● Exercise
Your answer should be an exact copy of the lines from the start of the entries to the line containing "#14 car [181, 572, 457, 812]", both included.

● Entries supplied
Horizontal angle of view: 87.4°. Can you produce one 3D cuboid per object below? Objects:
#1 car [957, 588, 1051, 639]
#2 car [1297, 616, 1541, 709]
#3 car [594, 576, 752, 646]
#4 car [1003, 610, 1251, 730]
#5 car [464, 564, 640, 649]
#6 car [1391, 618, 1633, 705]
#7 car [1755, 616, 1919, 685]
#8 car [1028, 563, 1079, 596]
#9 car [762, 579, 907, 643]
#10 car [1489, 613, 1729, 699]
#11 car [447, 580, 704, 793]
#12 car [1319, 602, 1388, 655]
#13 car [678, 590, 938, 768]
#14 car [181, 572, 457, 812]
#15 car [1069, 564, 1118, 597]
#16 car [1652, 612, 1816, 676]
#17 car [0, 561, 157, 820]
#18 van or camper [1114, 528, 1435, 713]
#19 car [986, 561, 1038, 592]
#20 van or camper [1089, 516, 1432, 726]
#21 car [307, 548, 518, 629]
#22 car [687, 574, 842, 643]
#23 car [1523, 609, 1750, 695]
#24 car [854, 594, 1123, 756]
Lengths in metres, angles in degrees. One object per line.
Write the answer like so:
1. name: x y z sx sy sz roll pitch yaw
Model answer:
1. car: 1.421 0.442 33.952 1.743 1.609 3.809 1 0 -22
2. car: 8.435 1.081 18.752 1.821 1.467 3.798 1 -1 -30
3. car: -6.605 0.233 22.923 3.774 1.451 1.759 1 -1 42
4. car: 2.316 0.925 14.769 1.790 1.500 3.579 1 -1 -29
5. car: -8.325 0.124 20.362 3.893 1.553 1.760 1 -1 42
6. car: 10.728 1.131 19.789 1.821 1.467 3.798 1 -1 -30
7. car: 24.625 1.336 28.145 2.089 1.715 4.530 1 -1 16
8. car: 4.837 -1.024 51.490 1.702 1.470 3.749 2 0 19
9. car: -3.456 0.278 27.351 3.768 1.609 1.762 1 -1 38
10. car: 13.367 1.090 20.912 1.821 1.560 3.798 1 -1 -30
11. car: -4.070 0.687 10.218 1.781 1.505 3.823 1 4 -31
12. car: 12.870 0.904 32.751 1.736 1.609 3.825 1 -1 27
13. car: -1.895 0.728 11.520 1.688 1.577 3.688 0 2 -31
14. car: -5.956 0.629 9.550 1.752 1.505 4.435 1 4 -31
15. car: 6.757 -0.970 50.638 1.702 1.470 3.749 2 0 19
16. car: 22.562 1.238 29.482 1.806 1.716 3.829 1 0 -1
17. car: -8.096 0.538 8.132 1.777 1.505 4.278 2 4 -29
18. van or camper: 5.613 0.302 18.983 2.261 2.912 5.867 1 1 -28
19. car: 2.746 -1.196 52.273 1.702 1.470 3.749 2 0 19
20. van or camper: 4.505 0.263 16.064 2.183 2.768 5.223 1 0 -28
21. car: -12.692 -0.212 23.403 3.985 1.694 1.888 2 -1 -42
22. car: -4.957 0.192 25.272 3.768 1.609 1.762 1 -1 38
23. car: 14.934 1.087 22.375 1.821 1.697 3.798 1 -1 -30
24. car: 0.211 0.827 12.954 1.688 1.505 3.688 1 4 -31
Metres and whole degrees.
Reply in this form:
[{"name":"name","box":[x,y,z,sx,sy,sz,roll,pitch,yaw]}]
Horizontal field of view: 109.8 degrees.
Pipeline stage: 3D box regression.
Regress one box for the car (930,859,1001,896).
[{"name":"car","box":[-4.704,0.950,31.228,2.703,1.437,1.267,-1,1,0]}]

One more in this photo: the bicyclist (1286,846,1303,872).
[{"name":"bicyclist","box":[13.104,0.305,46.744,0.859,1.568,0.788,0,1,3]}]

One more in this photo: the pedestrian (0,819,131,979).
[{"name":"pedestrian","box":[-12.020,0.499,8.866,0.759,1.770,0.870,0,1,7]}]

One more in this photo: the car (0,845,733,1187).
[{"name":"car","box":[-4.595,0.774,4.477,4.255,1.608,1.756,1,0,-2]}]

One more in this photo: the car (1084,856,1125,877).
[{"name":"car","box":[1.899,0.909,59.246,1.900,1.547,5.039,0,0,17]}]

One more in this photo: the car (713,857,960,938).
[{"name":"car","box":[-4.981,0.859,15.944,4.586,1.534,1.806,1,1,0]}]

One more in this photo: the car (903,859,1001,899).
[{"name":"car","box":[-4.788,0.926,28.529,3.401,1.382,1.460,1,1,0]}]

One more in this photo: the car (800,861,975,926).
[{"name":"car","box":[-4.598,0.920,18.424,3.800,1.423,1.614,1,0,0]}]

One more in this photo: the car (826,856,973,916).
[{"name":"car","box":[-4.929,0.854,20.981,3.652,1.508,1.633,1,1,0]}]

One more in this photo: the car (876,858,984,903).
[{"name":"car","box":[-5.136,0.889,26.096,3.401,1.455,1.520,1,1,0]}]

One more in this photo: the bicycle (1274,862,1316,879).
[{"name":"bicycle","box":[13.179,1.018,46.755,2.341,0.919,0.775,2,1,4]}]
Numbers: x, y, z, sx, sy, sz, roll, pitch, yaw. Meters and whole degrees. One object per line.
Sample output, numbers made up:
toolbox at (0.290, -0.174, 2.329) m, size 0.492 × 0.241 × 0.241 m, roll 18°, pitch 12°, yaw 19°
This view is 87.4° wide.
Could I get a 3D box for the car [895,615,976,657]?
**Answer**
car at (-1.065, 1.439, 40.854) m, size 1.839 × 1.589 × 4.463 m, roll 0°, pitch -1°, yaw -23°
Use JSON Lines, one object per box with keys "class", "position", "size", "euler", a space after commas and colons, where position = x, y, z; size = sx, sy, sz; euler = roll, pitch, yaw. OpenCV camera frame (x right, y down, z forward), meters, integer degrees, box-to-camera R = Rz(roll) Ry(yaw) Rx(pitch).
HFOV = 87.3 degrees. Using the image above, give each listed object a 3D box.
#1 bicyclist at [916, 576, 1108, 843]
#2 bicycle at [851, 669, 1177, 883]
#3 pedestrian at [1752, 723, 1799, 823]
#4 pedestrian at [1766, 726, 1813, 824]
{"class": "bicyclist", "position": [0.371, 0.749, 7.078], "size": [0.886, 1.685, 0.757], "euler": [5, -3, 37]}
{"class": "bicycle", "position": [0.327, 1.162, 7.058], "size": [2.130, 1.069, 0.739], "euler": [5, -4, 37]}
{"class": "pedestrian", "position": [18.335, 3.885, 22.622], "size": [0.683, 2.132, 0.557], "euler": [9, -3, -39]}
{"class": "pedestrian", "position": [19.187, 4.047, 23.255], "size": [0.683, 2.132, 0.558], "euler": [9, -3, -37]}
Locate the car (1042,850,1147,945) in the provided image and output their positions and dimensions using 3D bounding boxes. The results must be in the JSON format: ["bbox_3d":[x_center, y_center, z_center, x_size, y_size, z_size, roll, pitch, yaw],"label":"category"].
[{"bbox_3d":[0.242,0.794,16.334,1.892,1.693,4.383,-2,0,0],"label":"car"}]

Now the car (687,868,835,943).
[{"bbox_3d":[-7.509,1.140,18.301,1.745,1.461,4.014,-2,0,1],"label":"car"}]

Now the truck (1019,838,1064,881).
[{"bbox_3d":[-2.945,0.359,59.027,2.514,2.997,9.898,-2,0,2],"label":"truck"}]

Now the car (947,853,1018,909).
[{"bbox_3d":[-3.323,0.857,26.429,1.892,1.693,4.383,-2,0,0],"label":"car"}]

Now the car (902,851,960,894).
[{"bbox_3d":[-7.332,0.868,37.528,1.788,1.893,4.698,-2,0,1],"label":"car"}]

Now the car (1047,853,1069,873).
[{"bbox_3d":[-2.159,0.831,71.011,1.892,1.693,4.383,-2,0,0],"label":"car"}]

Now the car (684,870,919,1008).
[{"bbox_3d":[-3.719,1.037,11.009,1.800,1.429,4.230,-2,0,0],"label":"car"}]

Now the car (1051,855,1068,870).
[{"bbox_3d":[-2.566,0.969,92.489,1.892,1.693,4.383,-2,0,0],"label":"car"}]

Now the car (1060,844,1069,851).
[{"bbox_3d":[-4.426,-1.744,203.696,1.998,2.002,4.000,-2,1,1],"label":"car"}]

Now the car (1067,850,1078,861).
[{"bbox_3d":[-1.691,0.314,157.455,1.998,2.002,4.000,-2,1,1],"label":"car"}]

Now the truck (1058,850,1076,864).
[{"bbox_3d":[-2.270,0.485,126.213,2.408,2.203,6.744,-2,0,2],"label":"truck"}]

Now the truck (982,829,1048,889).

● Your solution
Horizontal angle of view: 87.4°. Can you produce one 3D cuboid per object below? Objects:
#1 car [957, 588, 1051, 639]
#2 car [1297, 616, 1541, 709]
#3 car [594, 576, 752, 646]
#4 car [1003, 610, 1251, 730]
#5 car [464, 564, 640, 649]
#6 car [1391, 618, 1633, 705]
#7 car [1755, 616, 1919, 685]
#8 car [1028, 563, 1079, 596]
#9 car [762, 579, 907, 643]
#10 car [1489, 613, 1729, 699]
#11 car [447, 580, 704, 793]
#12 car [1319, 602, 1388, 655]
#13 car [678, 590, 938, 768]
#14 car [181, 572, 457, 812]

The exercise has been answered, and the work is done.